Uses [Torchreid](https://github.com/KaiyangZhou/deep-person-reid)'s model zoo for person-ReID feature extraction. Default model is `osnet_ain_x1_0` with domain-generalised weights bundled in the package.

```python
# pip install torchreid gdown tensorboard
from deep_sort_realtime.deepsort_tracker import DeepSort
import numpy as np, cv2

tracker = DeepSort(
    max_age=30,
    embedder="torchreid",
    embedder_model_name="osnet_ain_x1_0",   # default; see torchreid model zoo for others
    embedder_wts=None,                       # None → bundled osnet weights
    embedder_gpu=False,
    bgr=True,
)

frame = cv2.imread("test/smallapple.jpg")
dets  = [([0, 0, frame.shape[1]//2, frame.shape[0]], 0.9, "person")]

tracks = tracker.update_tracks(dets, frame=frame)
for track in tracks:
    print(f"Track {track.track_id}: feature_dim={track.get_feature().shape}")
# Track 1: feature_dim=(512,)
```

---

## `Clip_Embedder` — CLIP-based appearance embedder

Uses [OpenAI CLIP](https://github.com/openai/CLIP) image encoder as the appearance feature extractor, producing 1024-d vectors. Effective for general object categories beyond persons.

```python
# pip install git+https://github.com/openai/CLIP.git
from deep_sort_realtime.deepsort_tracker import DeepSort
import numpy as np

tracker = DeepSort(
    max_age=30,
    embedder="clip_ViT-B/32",   # options: clip_RN50 | clip_RN101 | clip_RN50x4 |
                                 #          clip_RN50x16 | clip_ViT-B/32 | clip_ViT-B/16
    embedder_wts=None,           # None → auto-download or look in embedder/weights/
    embedder_gpu=False,
    bgr=True,
)

frame = np.zeros((720, 1280, 3), dtype=np.uint8)
dets  = [([50, 50, 100, 150], 0.88, "cat"), ([300, 100, 80, 120], 0.79, "dog")]

tracks = tracker.update_tracks(dets, frame=frame)
for track in tracks:
    if track.is_confirmed():
        print(f"Track {track.track_id} | class={track.get_det_class()} | feat_dim={track.get_feature().shape}")
```

---

## Running the test suite

```bash
# From the repository root
python3 -m unittest
```

---

## Summary

`deep-sort-realtime` is the go-to drop-in multi-object tracker for real-time Python pipelines. The single-call API (`update_tracks`) integrates with any detector that emits bounding boxes — YOLO, Detectron2, MMDetection, etc. — requiring only a list of `([l, t, w, h], confidence, class)` tuples and either a raw frame or pre-computed embeddings. The returned `Track` objects carry stable IDs across frames, Kalman-predicted and detection-exact bounding boxes in multiple formats, per-class labels, detection confidence, and arbitrary supplementary payloads, making it straightforward to build downstream logic such as trajectory analysis, counting, zone alerts, and activity recognition on top of the tracker output.

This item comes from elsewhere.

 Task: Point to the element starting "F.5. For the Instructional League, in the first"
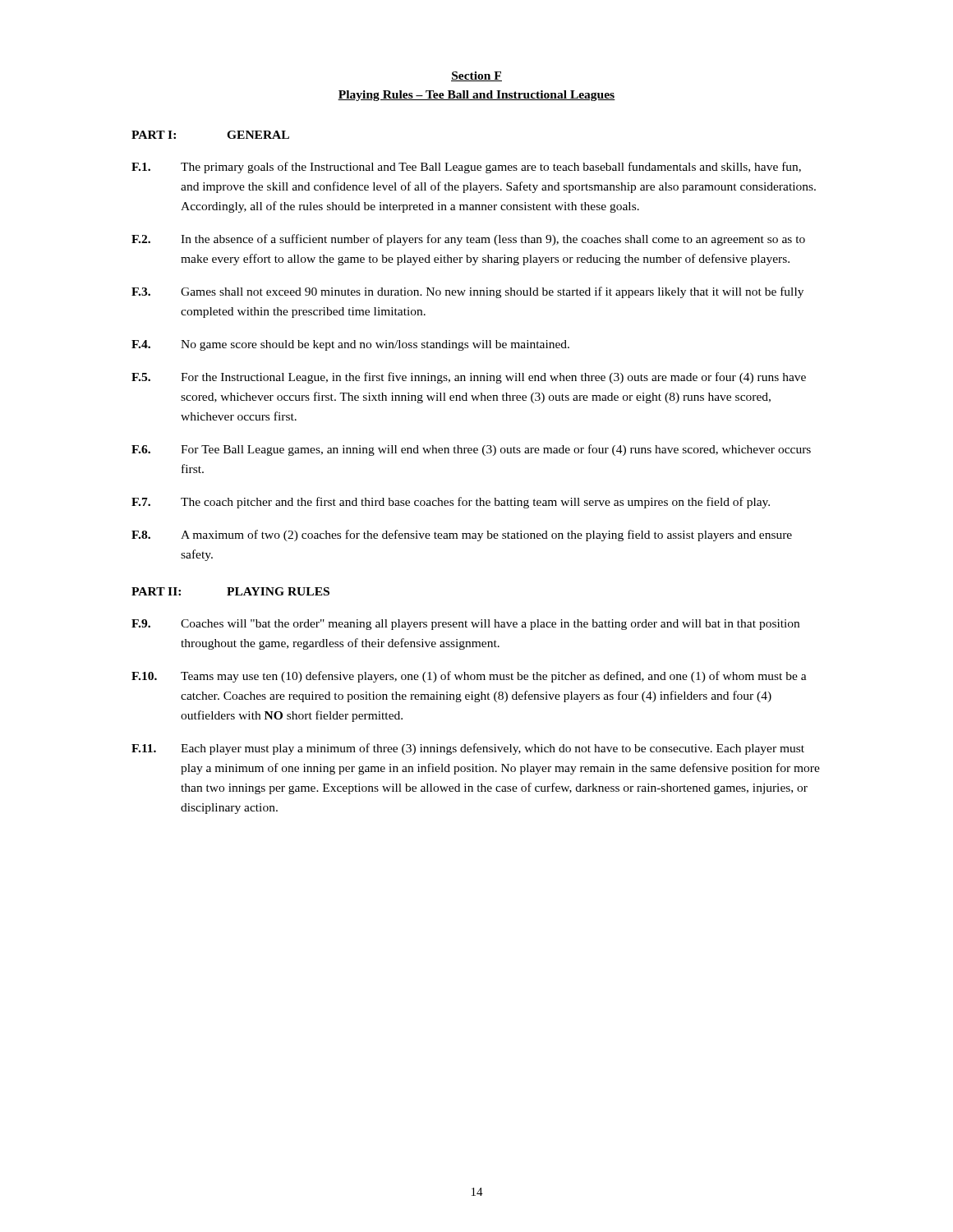[x=476, y=396]

Integration patterns range from the simplest one-liner `DeepSort(max_age=5)` with the bundled MobileNetV2 embedder, to fully custom setups that plug in a domain-specific ReID model via `embedder=None` + manual `embeds=` passing, override the `Track` class with a `MyTrack` subclass for per-track state, enable daily ID resets via `today=`, and leverage background masking via instance masks for higher-quality appearance features. The library is installable from PyPI (`pip install deep-sort-realtime`) with optional heavy dependencies gated behind the chosen embedder backend, making it lightweight to integrate and easy to scale to production video-analytics systems.